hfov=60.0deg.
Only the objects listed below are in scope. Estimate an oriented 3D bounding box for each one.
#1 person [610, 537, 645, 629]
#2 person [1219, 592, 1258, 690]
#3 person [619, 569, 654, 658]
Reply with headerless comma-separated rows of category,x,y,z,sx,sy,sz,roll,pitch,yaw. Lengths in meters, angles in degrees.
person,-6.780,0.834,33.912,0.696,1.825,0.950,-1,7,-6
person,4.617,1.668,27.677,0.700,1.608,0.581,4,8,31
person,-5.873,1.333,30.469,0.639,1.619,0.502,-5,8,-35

::::::::

All of the records above should be transcribed exactly.

hfov=60.0deg.
Only the objects listed below are in scope. Estimate an oriented 3D bounding box for each one.
#1 person [610, 537, 645, 629]
#2 person [1219, 592, 1258, 690]
#3 person [619, 569, 654, 658]
Reply with headerless comma-separated rows of category,x,y,z,sx,sy,sz,roll,pitch,yaw. Lengths in meters, angles in degrees.
person,-6.780,0.834,33.912,0.696,1.825,0.950,-1,7,-6
person,4.617,1.668,27.677,0.700,1.608,0.581,4,8,31
person,-5.873,1.333,30.469,0.639,1.619,0.502,-5,8,-35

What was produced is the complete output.